What is being asked: The answer should contain all of the data, retyped without any alteration.

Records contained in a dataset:
******

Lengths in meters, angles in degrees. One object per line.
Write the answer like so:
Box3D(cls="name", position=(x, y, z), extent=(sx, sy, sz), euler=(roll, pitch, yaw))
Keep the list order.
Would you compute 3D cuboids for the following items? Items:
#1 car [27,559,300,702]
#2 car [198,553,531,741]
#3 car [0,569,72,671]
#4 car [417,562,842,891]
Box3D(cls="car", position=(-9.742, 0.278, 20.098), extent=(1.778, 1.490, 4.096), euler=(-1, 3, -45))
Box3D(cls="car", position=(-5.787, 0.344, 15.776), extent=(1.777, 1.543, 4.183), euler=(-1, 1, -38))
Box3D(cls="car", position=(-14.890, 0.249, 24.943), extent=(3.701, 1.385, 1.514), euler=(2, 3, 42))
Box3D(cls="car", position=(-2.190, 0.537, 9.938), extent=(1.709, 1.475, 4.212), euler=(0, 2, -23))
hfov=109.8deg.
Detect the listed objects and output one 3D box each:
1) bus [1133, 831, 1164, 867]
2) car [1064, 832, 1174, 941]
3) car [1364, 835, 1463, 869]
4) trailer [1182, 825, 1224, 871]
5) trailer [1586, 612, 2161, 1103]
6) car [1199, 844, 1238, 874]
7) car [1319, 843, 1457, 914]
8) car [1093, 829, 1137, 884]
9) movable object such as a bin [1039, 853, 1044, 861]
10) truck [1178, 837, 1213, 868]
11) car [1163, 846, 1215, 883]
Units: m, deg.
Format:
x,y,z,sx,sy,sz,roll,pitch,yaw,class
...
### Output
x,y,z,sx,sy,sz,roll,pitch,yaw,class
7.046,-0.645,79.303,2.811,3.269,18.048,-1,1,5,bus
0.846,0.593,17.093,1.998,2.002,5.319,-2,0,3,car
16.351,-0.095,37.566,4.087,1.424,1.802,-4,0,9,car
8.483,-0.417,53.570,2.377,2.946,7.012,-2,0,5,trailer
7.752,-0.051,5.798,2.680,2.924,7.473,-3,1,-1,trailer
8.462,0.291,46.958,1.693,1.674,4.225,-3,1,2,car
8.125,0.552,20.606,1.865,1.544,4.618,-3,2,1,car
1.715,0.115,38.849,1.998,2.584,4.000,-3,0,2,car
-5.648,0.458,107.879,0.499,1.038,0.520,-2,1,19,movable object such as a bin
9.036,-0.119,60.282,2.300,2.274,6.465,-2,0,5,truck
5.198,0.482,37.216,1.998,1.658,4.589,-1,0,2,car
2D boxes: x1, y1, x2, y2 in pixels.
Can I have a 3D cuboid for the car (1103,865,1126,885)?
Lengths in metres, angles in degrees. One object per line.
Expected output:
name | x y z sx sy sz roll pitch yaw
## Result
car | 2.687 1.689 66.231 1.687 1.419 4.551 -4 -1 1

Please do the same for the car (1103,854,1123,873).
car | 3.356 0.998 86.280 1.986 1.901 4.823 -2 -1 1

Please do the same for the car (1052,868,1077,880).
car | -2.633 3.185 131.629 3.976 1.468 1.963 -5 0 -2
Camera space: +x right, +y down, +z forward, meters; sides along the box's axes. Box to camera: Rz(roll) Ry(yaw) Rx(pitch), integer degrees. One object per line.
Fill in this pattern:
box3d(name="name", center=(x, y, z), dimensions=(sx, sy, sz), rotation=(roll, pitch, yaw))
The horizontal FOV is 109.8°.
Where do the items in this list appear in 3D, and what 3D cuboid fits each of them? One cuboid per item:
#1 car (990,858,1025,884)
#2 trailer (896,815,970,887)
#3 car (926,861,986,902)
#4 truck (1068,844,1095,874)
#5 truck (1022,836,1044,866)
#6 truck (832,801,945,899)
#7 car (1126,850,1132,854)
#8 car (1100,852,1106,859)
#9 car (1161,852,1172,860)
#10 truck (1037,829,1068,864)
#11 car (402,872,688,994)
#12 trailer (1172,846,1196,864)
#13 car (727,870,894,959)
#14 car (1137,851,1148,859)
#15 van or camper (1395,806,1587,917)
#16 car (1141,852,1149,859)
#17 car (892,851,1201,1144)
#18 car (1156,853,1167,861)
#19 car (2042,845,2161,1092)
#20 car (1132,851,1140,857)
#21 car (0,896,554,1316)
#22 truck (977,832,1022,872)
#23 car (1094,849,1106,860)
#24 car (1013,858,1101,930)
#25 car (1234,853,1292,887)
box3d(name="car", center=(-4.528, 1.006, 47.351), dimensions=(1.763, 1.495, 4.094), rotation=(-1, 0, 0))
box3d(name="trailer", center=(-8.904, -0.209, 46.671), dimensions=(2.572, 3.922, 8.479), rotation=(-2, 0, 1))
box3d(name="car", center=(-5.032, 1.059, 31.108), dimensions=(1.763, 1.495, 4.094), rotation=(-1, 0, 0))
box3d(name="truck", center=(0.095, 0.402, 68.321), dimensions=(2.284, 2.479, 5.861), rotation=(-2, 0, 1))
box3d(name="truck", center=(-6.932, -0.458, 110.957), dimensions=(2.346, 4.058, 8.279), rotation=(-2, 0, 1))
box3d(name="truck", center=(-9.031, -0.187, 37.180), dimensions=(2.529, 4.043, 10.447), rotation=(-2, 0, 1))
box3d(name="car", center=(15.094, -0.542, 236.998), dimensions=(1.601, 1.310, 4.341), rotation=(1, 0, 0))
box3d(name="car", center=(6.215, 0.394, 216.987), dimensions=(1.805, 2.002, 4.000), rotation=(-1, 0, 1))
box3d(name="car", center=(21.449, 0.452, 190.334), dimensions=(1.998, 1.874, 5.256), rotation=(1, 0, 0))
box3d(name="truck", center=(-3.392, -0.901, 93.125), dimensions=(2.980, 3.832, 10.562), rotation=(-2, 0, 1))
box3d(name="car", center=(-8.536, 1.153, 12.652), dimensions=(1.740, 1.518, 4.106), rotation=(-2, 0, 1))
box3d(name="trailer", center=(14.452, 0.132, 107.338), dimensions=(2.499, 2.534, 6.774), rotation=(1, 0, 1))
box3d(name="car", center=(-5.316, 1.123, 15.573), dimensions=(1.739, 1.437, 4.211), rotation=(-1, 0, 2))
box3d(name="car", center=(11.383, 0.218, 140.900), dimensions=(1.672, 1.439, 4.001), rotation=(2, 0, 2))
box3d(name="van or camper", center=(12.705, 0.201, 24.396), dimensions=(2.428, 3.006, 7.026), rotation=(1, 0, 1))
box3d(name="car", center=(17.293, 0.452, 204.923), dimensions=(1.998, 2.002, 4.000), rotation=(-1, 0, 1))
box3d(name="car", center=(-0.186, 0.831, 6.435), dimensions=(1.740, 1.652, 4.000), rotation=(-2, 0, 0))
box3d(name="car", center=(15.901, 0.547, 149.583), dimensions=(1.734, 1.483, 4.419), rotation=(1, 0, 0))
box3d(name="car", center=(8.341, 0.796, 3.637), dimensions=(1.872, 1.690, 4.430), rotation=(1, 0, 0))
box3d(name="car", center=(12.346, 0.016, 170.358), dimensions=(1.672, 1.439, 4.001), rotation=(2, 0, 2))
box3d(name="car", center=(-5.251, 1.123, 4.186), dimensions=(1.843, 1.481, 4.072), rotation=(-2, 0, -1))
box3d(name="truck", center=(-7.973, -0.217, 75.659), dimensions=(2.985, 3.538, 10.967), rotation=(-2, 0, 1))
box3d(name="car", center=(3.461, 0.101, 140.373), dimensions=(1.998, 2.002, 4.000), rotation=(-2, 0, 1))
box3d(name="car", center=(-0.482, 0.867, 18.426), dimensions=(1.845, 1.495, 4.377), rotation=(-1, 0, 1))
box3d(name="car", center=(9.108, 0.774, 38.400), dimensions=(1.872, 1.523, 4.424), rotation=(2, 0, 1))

******

Solution to the problem:
Lengths in meters, angles in degrees. One object per line.
Write the answer like so:
Box3D(cls="name", position=(x, y, z), extent=(sx, sy, sz), euler=(roll, pitch, yaw))
Keep the list order.
Would you compute 3D cuboids for the following items? Items:
#1 car [27,559,300,702]
#2 car [198,553,531,741]
#3 car [0,569,72,671]
#4 car [417,562,842,891]
Box3D(cls="car", position=(-9.742, 0.278, 20.098), extent=(1.778, 1.490, 4.096), euler=(-1, 3, -45))
Box3D(cls="car", position=(-5.787, 0.344, 15.776), extent=(1.777, 1.543, 4.183), euler=(-1, 1, -38))
Box3D(cls="car", position=(-14.890, 0.249, 24.943), extent=(3.701, 1.385, 1.514), euler=(2, 3, 42))
Box3D(cls="car", position=(-2.190, 0.537, 9.938), extent=(1.709, 1.475, 4.212), euler=(0, 2, -23))
hfov=109.8deg.
Detect the listed objects and output one 3D box each:
1) bus [1133, 831, 1164, 867]
2) car [1064, 832, 1174, 941]
3) car [1364, 835, 1463, 869]
4) trailer [1182, 825, 1224, 871]
5) trailer [1586, 612, 2161, 1103]
6) car [1199, 844, 1238, 874]
7) car [1319, 843, 1457, 914]
8) car [1093, 829, 1137, 884]
9) movable object such as a bin [1039, 853, 1044, 861]
10) truck [1178, 837, 1213, 868]
11) car [1163, 846, 1215, 883]
Units: m, deg.
Format:
x,y,z,sx,sy,sz,roll,pitch,yaw,class
...
### Output
x,y,z,sx,sy,sz,roll,pitch,yaw,class
7.046,-0.645,79.303,2.811,3.269,18.048,-1,1,5,bus
0.846,0.593,17.093,1.998,2.002,5.319,-2,0,3,car
16.351,-0.095,37.566,4.087,1.424,1.802,-4,0,9,car
8.483,-0.417,53.570,2.377,2.946,7.012,-2,0,5,trailer
7.752,-0.051,5.798,2.680,2.924,7.473,-3,1,-1,trailer
8.462,0.291,46.958,1.693,1.674,4.225,-3,1,2,car
8.125,0.552,20.606,1.865,1.544,4.618,-3,2,1,car
1.715,0.115,38.849,1.998,2.584,4.000,-3,0,2,car
-5.648,0.458,107.879,0.499,1.038,0.520,-2,1,19,movable object such as a bin
9.036,-0.119,60.282,2.300,2.274,6.465,-2,0,5,truck
5.198,0.482,37.216,1.998,1.658,4.589,-1,0,2,car
2D boxes: x1, y1, x2, y2 in pixels.
Can I have a 3D cuboid for the car (1103,865,1126,885)?
Lengths in metres, angles in degrees. One object per line.
Expected output:
name | x y z sx sy sz roll pitch yaw
## Result
car | 2.687 1.689 66.231 1.687 1.419 4.551 -4 -1 1

Please do the same for the car (1103,854,1123,873).
car | 3.356 0.998 86.280 1.986 1.901 4.823 -2 -1 1

Please do the same for the car (1052,868,1077,880).
car | -2.633 3.185 131.629 3.976 1.468 1.963 -5 0 -2
Camera space: +x right, +y down, +z forward, meters; sides along the box's axes. Box to camera: Rz(roll) Ry(yaw) Rx(pitch), integer degrees. One object per line.
Fill in this pattern:
box3d(name="name", center=(x, y, z), dimensions=(sx, sy, sz), rotation=(roll, pitch, yaw))
The horizontal FOV is 109.8°.
Where do the items in this list appear in 3D, and what 3D cuboid fits each of them? One cuboid per item:
#1 car (990,858,1025,884)
#2 trailer (896,815,970,887)
#3 car (926,861,986,902)
#4 truck (1068,844,1095,874)
#5 truck (1022,836,1044,866)
#6 truck (832,801,945,899)
#7 car (1126,850,1132,854)
#8 car (1100,852,1106,859)
#9 car (1161,852,1172,860)
#10 truck (1037,829,1068,864)
#11 car (402,872,688,994)
#12 trailer (1172,846,1196,864)
#13 car (727,870,894,959)
#14 car (1137,851,1148,859)
#15 van or camper (1395,806,1587,917)
#16 car (1141,852,1149,859)
#17 car (892,851,1201,1144)
#18 car (1156,853,1167,861)
#19 car (2042,845,2161,1092)
#20 car (1132,851,1140,857)
#21 car (0,896,554,1316)
#22 truck (977,832,1022,872)
#23 car (1094,849,1106,860)
#24 car (1013,858,1101,930)
#25 car (1234,853,1292,887)
box3d(name="car", center=(-4.528, 1.006, 47.351), dimensions=(1.763, 1.495, 4.094), rotation=(-1, 0, 0))
box3d(name="trailer", center=(-8.904, -0.209, 46.671), dimensions=(2.572, 3.922, 8.479), rotation=(-2, 0, 1))
box3d(name="car", center=(-5.032, 1.059, 31.108), dimensions=(1.763, 1.495, 4.094), rotation=(-1, 0, 0))
box3d(name="truck", center=(0.095, 0.402, 68.321), dimensions=(2.284, 2.479, 5.861), rotation=(-2, 0, 1))
box3d(name="truck", center=(-6.932, -0.458, 110.957), dimensions=(2.346, 4.058, 8.279), rotation=(-2, 0, 1))
box3d(name="truck", center=(-9.031, -0.187, 37.180), dimensions=(2.529, 4.043, 10.447), rotation=(-2, 0, 1))
box3d(name="car", center=(15.094, -0.542, 236.998), dimensions=(1.601, 1.310, 4.341), rotation=(1, 0, 0))
box3d(name="car", center=(6.215, 0.394, 216.987), dimensions=(1.805, 2.002, 4.000), rotation=(-1, 0, 1))
box3d(name="car", center=(21.449, 0.452, 190.334), dimensions=(1.998, 1.874, 5.256), rotation=(1, 0, 0))
box3d(name="truck", center=(-3.392, -0.901, 93.125), dimensions=(2.980, 3.832, 10.562), rotation=(-2, 0, 1))
box3d(name="car", center=(-8.536, 1.153, 12.652), dimensions=(1.740, 1.518, 4.106), rotation=(-2, 0, 1))
box3d(name="trailer", center=(14.452, 0.132, 107.338), dimensions=(2.499, 2.534, 6.774), rotation=(1, 0, 1))
box3d(name="car", center=(-5.316, 1.123, 15.573), dimensions=(1.739, 1.437, 4.211), rotation=(-1, 0, 2))
box3d(name="car", center=(11.383, 0.218, 140.900), dimensions=(1.672, 1.439, 4.001), rotation=(2, 0, 2))
box3d(name="van or camper", center=(12.705, 0.201, 24.396), dimensions=(2.428, 3.006, 7.026), rotation=(1, 0, 1))
box3d(name="car", center=(17.293, 0.452, 204.923), dimensions=(1.998, 2.002, 4.000), rotation=(-1, 0, 1))
box3d(name="car", center=(-0.186, 0.831, 6.435), dimensions=(1.740, 1.652, 4.000), rotation=(-2, 0, 0))
box3d(name="car", center=(15.901, 0.547, 149.583), dimensions=(1.734, 1.483, 4.419), rotation=(1, 0, 0))
box3d(name="car", center=(8.341, 0.796, 3.637), dimensions=(1.872, 1.690, 4.430), rotation=(1, 0, 0))
box3d(name="car", center=(12.346, 0.016, 170.358), dimensions=(1.672, 1.439, 4.001), rotation=(2, 0, 2))
box3d(name="car", center=(-5.251, 1.123, 4.186), dimensions=(1.843, 1.481, 4.072), rotation=(-2, 0, -1))
box3d(name="truck", center=(-7.973, -0.217, 75.659), dimensions=(2.985, 3.538, 10.967), rotation=(-2, 0, 1))
box3d(name="car", center=(3.461, 0.101, 140.373), dimensions=(1.998, 2.002, 4.000), rotation=(-2, 0, 1))
box3d(name="car", center=(-0.482, 0.867, 18.426), dimensions=(1.845, 1.495, 4.377), rotation=(-1, 0, 1))
box3d(name="car", center=(9.108, 0.774, 38.400), dimensions=(1.872, 1.523, 4.424), rotation=(2, 0, 1))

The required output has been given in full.